• _Problem to work on_
Scan the entries below and return each line that contains "instrument".

───── Data supplied ─────

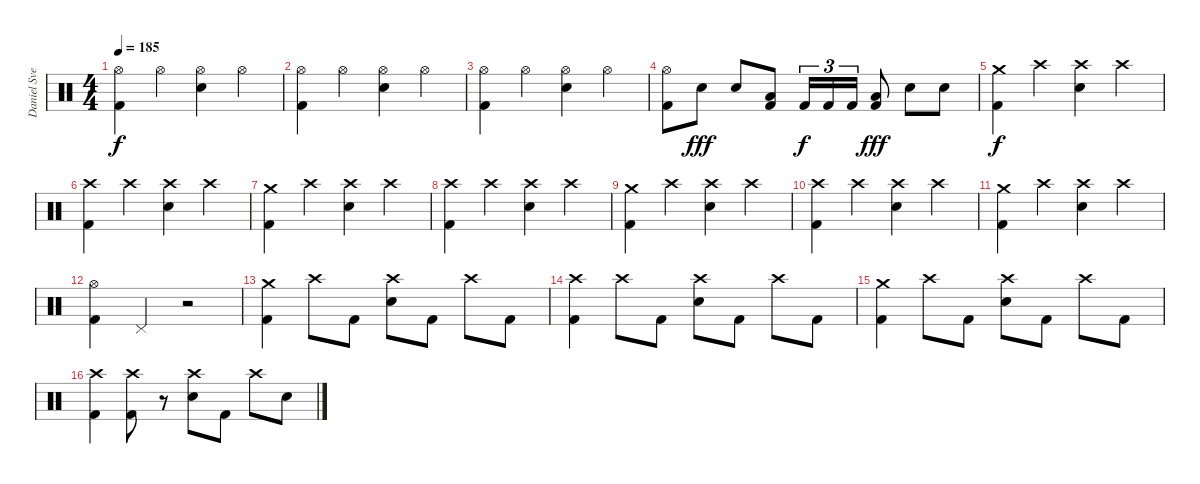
\track ("Daniel Svensson" "Daniel Sve") {instrument percussion}
\staff {score}
\articulation defaults
\ts (4 4)
\tempo 185
\clef neutral
\ks c
("Kick (hit) 2" "Hi-Hat (open)").4{dy f} "Hi-Hat (open)".4 ("Electric Snare (hit)" "Hi-Hat (open)").4 "Hi-Hat (open)".4 |
("Kick (hit) 2" "Hi-Hat (open)").4 "Hi-Hat (open)".4 ("Electric Snare (hit)" "Hi-Hat (open)").4 "Hi-Hat (open)".4 |
("Kick (hit) 2" "Hi-Hat (open)").4 "Hi-Hat (open)".4 ("Electric Snare (hit)" "Hi-Hat (open)").4 "Hi-Hat (open)".4 |
("Kick (hit) 2" "Hi-Hat (open)").8 "Electric Snare (hit)".8{dy fff} "Electric Snare (hit)".8 ("Kick (hit) 2" "Low Tom (hit)").8 "Kick (hit) 2".16{tu (3 2) dy f} "Kick (hit) 2".16{tu (3 2)} "Kick (hit) 2".16{tu (3 2)} ("Kick (hit) 2" "Low Tom (hit)").8{dy fff} "Electric Snare (hit)".8 "Electric Snare (hit)".8 |
("Kick (hit) 2" "Crash medium (hit)").4{dy f} "Crash high (hit)".4 ("Electric Snare (hit)" "Crash high (hit)").4 "Crash high (hit)".4 |
("Kick (hit) 2" "Crash high (hit)").4 "Crash high (hit)".4 ("Electric Snare (hit)" "Crash high (hit)").4 "Crash high (hit)".4 |
("Kick (hit) 2" "Crash medium (hit)").4 "Crash high (hit)".4 ("Electric Snare (hit)" "Crash high (hit)").4 "Crash high (hit)".4 |
("Kick (hit) 2" "Crash high (hit)").4 "Crash high (hit)".4 ("Electric Snare (hit)" "Crash high (hit)").4 "Crash high (hit)".4 |
("Kick (hit) 2" "Crash medium (hit)").4 "Crash high (hit)".4 ("Electric Snare (hit)" "Crash high (hit)").4 "Crash high (hit)".4 |
("Kick (hit) 2" "Crash high (hit)").4 "Crash high (hit)".4 ("Electric Snare (hit)" "Crash high (hit)").4 "Crash high (hit)".4 |
("Kick (hit) 2" "Crash medium (hit)").4 "Crash high (hit)".4 ("Electric Snare (hit)" "Crash high (hit)").4 "Crash high (hit)".4 |
("Kick (hit) 2" "Hi-Hat (open)").4 "Pedal Hi-Hat (hit)".4 r.2 |
("Kick (hit) 2" "Crash medium (hit)").4 "Crash high (hit)".8 "Kick (hit) 2".8 ("Electric Snare (hit)" "Crash high (hit)").8 "Kick (hit) 2".8 "Crash high (hit)".8 "Kick (hit) 2".8 |
("Kick (hit) 2" "Crash high (hit)").4 "Crash high (hit)".8 "Kick (hit) 2".8 ("Electric Snare (hit)" "Crash high (hit)").8 "Kick (hit) 2".8 "Crash high (hit)".8 "Kick (hit) 2".8 |
("Kick (hit) 2" "Crash medium (hit)").4 "Crash high (hit)".8 "Kick (hit) 2".8 ("Electric Snare (hit)" "Crash high (hit)").8 "Kick (hit) 2".8 "Crash high (hit)".8 "Kick (hit) 2".8 |
("Kick (hit) 2" "Crash high (hit)").4 ("Kick (hit) 2" "Crash high (hit)").8 r.8 ("Electric Snare (hit)" "Crash high (hit)").8 "Kick (hit) 2".8 "Crash high (hit)".8 "Electric Snare (hit)".8
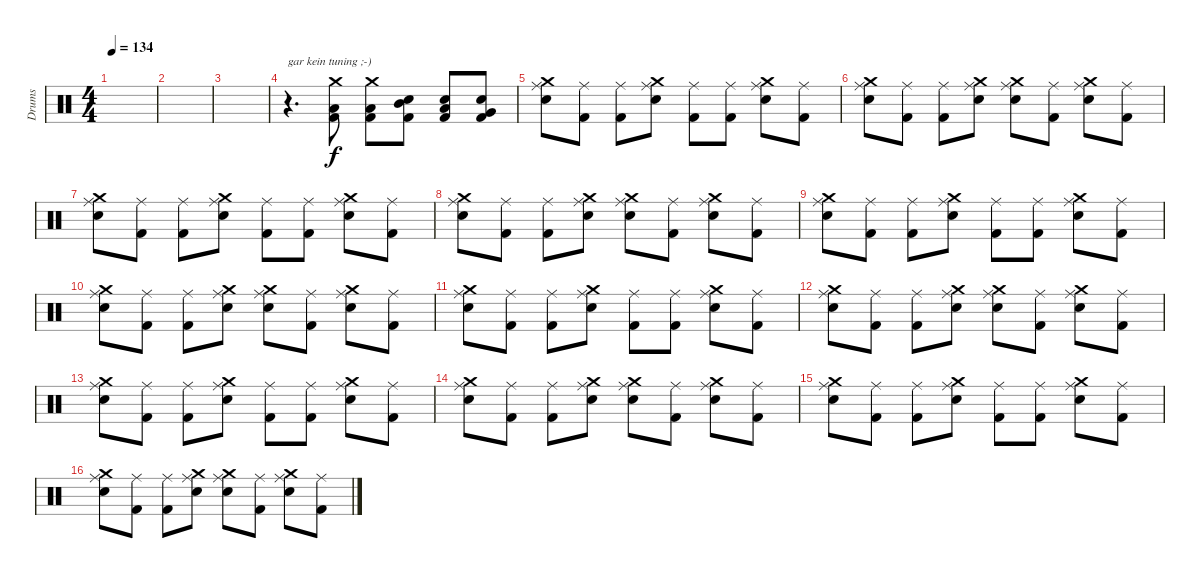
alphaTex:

\track ("Drums" "Drums") {instrument percussion}
\staff {score}
\articulation defaults
\ts (4 4)
\tempo 134
\clef neutral
\ks c
|
|
|
r.4{d txt "gar kein tuning ;-)"} ("Crash medium (hit)" "Low Tom (hit)" "Kick (hit) 2").8 ("Crash medium (hit)" "Low Tom (hit)" "Kick (hit) 2").8 ("Snare (hit) 2" "Mid Tom (hit)" "Kick (hit) 2").8 ("Snare (hit) 2" "Low Tom (hit)" "Kick (hit) 2").8 ("Snare (hit) 2" "Very Low Tom (hit)" "Kick (hit) 2").8 |
("Ride (middle)" "Crash medium (hit)" "Snare (hit) 2").8 ("Ride (middle)" "Kick (hit) 2").8 ("Ride (middle)" "Kick (hit) 2").8 ("Ride (middle)" "Crash medium (hit)" "Snare (hit) 2").8 ("Ride (middle)" "Kick (hit) 2").8 ("Ride (middle)" "Kick (hit) 2").8 ("Ride (middle)" "Crash medium (hit)" "Snare (hit) 2").8 ("Ride (middle)" "Kick (hit) 2").8 |
("Ride (middle)" "Crash medium (hit)" "Snare (hit) 2").8 ("Ride (middle)" "Kick (hit) 2").8 ("Ride (middle)" "Kick (hit) 2").8 ("Ride (middle)" "Crash medium (hit)" "Snare (hit) 2").8 ("Ride (middle)" "Crash medium (hit)" "Snare (hit) 2").8 ("Ride (middle)" "Kick (hit) 2").8 ("Ride (middle)" "Crash medium (hit)" "Snare (hit) 2").8 ("Ride (middle)" "Kick (hit) 2").8 |
("Ride (middle)" "Crash medium (hit)" "Snare (hit) 2").8 ("Ride (middle)" "Kick (hit) 2").8 ("Ride (middle)" "Kick (hit) 2").8 ("Ride (middle)" "Crash medium (hit)" "Snare (hit) 2").8 ("Ride (middle)" "Kick (hit) 2").8 ("Ride (middle)" "Kick (hit) 2").8 ("Ride (middle)" "Crash medium (hit)" "Snare (hit) 2").8 ("Ride (middle)" "Kick (hit) 2").8 |
("Ride (middle)" "Crash medium (hit)" "Snare (hit) 2").8 ("Ride (middle)" "Kick (hit) 2").8 ("Ride (middle)" "Kick (hit) 2").8 ("Ride (middle)" "Crash medium (hit)" "Snare (hit) 2").8 ("Ride (middle)" "Crash medium (hit)" "Snare (hit) 2").8 ("Ride (middle)" "Kick (hit) 2").8 ("Ride (middle)" "Crash medium (hit)" "Snare (hit) 2").8 ("Ride (middle)" "Kick (hit) 2").8 |
("Ride (middle)" "Crash medium (hit)" "Snare (hit) 2").8 ("Ride (middle)" "Kick (hit) 2").8 ("Ride (middle)" "Kick (hit) 2").8 ("Ride (middle)" "Crash medium (hit)" "Snare (hit) 2").8 ("Ride (middle)" "Kick (hit) 2").8 ("Ride (middle)" "Kick (hit) 2").8 ("Ride (middle)" "Crash medium (hit)" "Snare (hit) 2").8 ("Ride (middle)" "Kick (hit) 2").8 |
("Ride (middle)" "Crash medium (hit)" "Snare (hit) 2").8 ("Ride (middle)" "Kick (hit) 2").8 ("Ride (middle)" "Kick (hit) 2").8 ("Ride (middle)" "Crash medium (hit)" "Snare (hit) 2").8 ("Ride (middle)" "Crash medium (hit)" "Snare (hit) 2").8 ("Ride (middle)" "Kick (hit) 2").8 ("Ride (middle)" "Crash medium (hit)" "Snare (hit) 2").8 ("Ride (middle)" "Kick (hit) 2").8 |
("Ride (middle)" "Crash medium (hit)" "Snare (hit) 2").8 ("Ride (middle)" "Kick (hit) 2").8 ("Ride (middle)" "Kick (hit) 2").8 ("Ride (middle)" "Crash medium (hit)" "Snare (hit) 2").8 ("Ride (middle)" "Kick (hit) 2").8 ("Ride (middle)" "Kick (hit) 2").8 ("Ride (middle)" "Crash medium (hit)" "Snare (hit) 2").8 ("Ride (middle)" "Kick (hit) 2").8 |
("Ride (middle)" "Crash medium (hit)" "Snare (hit) 2").8 ("Ride (middle)" "Kick (hit) 2").8 ("Ride (middle)" "Kick (hit) 2").8 ("Ride (middle)" "Crash medium (hit)" "Snare (hit) 2").8 ("Ride (middle)" "Crash medium (hit)" "Snare (hit) 2").8 ("Ride (middle)" "Kick (hit) 2").8 ("Ride (middle)" "Crash medium (hit)" "Snare (hit) 2").8 ("Ride (middle)" "Kick (hit) 2").8 |
("Ride (middle)" "Crash medium (hit)" "Snare (hit) 2").8 ("Ride (middle)" "Kick (hit) 2").8 ("Ride (middle)" "Kick (hit) 2").8 ("Ride (middle)" "Crash medium (hit)" "Snare (hit) 2").8 ("Ride (middle)" "Kick (hit) 2").8 ("Ride (middle)" "Kick (hit) 2").8 ("Ride (middle)" "Crash medium (hit)" "Snare (hit) 2").8 ("Ride (middle)" "Kick (hit) 2").8 |
("Ride (middle)" "Crash medium (hit)" "Snare (hit) 2").8 ("Ride (middle)" "Kick (hit) 2").8 ("Ride (middle)" "Kick (hit) 2").8 ("Ride (middle)" "Crash medium (hit)" "Snare (hit) 2").8 ("Ride (middle)" "Crash medium (hit)" "Snare (hit) 2").8 ("Ride (middle)" "Kick (hit) 2").8 ("Ride (middle)" "Crash medium (hit)" "Snare (hit) 2").8 ("Ride (middle)" "Kick (hit) 2").8 |
("Ride (middle)" "Crash medium (hit)" "Snare (hit) 2").8 ("Ride (middle)" "Kick (hit) 2").8 ("Ride (middle)" "Kick (hit) 2").8 ("Ride (middle)" "Crash medium (hit)" "Snare (hit) 2").8 ("Ride (middle)" "Kick (hit) 2").8 ("Ride (middle)" "Kick (hit) 2").8 ("Ride (middle)" "Crash medium (hit)" "Snare (hit) 2").8 ("Ride (middle)" "Kick (hit) 2").8 |
("Ride (middle)" "Crash medium (hit)" "Snare (hit) 2").8 ("Ride (middle)" "Kick (hit) 2").8 ("Ride (middle)" "Kick (hit) 2").8 ("Ride (middle)" "Crash medium (hit)" "Snare (hit) 2").8 ("Ride (middle)" "Crash medium (hit)" "Snare (hit) 2").8 ("Ride (middle)" "Kick (hit) 2").8 ("Ride (middle)" "Crash medium (hit)" "Snare (hit) 2").8 ("Ride (middle)" "Kick (hit) 2").8
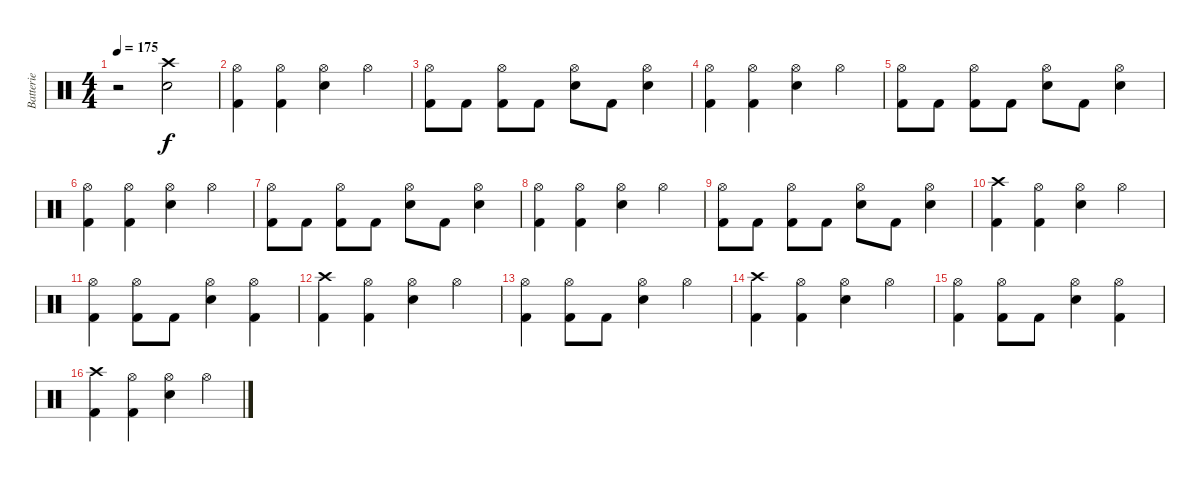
\track ("Batterie" "Batterie") {instrument percussion}
\staff {score}
\articulation defaults
\ts (4 4)
\tempo 175
\clef neutral
\ks c
r.2{dy f} ("Crash high (hit)" "Electric Snare (hit)").2 |
("Hi-Hat (open)" "Kick (hit) 2").4 ("Hi-Hat (open)" "Kick (hit) 2").4 ("Hi-Hat (open)" "Electric Snare (hit)").4 "Hi-Hat (open)".4 |
("Hi-Hat (open)" "Kick (hit) 2").8 "Kick (hit) 2".8 ("Hi-Hat (open)" "Kick (hit) 2").8 "Kick (hit) 2".8 ("Hi-Hat (open)" "Electric Snare (hit)").8 "Kick (hit) 2".8 ("Hi-Hat (open)" "Electric Snare (hit)").4 |
("Hi-Hat (open)" "Kick (hit) 2").4 ("Hi-Hat (open)" "Kick (hit) 2").4 ("Hi-Hat (open)" "Electric Snare (hit)").4 "Hi-Hat (open)".4 |
("Hi-Hat (open)" "Kick (hit) 2").8 "Kick (hit) 2".8 ("Hi-Hat (open)" "Kick (hit) 2").8 "Kick (hit) 2".8 ("Hi-Hat (open)" "Electric Snare (hit)").8 "Kick (hit) 2".8 ("Hi-Hat (open)" "Electric Snare (hit)").4 |
("Hi-Hat (open)" "Kick (hit) 2").4 ("Hi-Hat (open)" "Kick (hit) 2").4 ("Hi-Hat (open)" "Electric Snare (hit)").4 "Hi-Hat (open)".4 |
("Hi-Hat (open)" "Kick (hit) 2").8 "Kick (hit) 2".8 ("Hi-Hat (open)" "Kick (hit) 2").8 "Kick (hit) 2".8 ("Hi-Hat (open)" "Electric Snare (hit)").8 "Kick (hit) 2".8 ("Hi-Hat (open)" "Electric Snare (hit)").4 |
("Hi-Hat (open)" "Kick (hit) 2").4 ("Hi-Hat (open)" "Kick (hit) 2").4 ("Hi-Hat (open)" "Electric Snare (hit)").4 "Hi-Hat (open)".4 |
("Hi-Hat (open)" "Kick (hit) 2").8 "Kick (hit) 2".8 ("Hi-Hat (open)" "Kick (hit) 2").8 "Kick (hit) 2".8 ("Hi-Hat (open)" "Electric Snare (hit)").8 "Kick (hit) 2".8 ("Hi-Hat (open)" "Electric Snare (hit)").4 |
("Crash high (hit)" "Kick (hit) 2").4 ("Hi-Hat (open)" "Kick (hit) 2").4 ("Hi-Hat (open)" "Electric Snare (hit)").4 "Hi-Hat (open)".4 |
("Hi-Hat (open)" "Kick (hit) 2").4 ("Hi-Hat (open)" "Kick (hit) 2").8 "Kick (hit) 2".8 ("Hi-Hat (open)" "Electric Snare (hit)").4 ("Hi-Hat (open)" "Kick (hit) 2").4 |
("Crash high (hit)" "Kick (hit) 2").4 ("Hi-Hat (open)" "Kick (hit) 2").4 ("Hi-Hat (open)" "Electric Snare (hit)").4 "Hi-Hat (open)".4 |
("Hi-Hat (open)" "Kick (hit) 2").4 ("Hi-Hat (open)" "Kick (hit) 2").8 "Kick (hit) 2".8 ("Hi-Hat (open)" "Electric Snare (hit)").4 "Hi-Hat (open)".4 |
("Crash high (hit)" "Kick (hit) 2").4 ("Hi-Hat (open)" "Kick (hit) 2").4 ("Hi-Hat (open)" "Electric Snare (hit)").4 "Hi-Hat (open)".4 |
("Hi-Hat (open)" "Kick (hit) 2").4 ("Hi-Hat (open)" "Kick (hit) 2").8 "Kick (hit) 2".8 ("Hi-Hat (open)" "Electric Snare (hit)").4 ("Hi-Hat (open)" "Kick (hit) 2").4 |
("Crash high (hit)" "Kick (hit) 2").4 ("Hi-Hat (open)" "Kick (hit) 2").4 ("Hi-Hat (open)" "Electric Snare (hit)").4 "Hi-Hat (open)".4

─────

• _Result of the task_
\track ("Daniel Svensson" "Daniel Sve") {instrument percussion}
\track ("Drums" "Drums") {instrument percussion}
\track ("Batterie" "Batterie") {instrument percussion}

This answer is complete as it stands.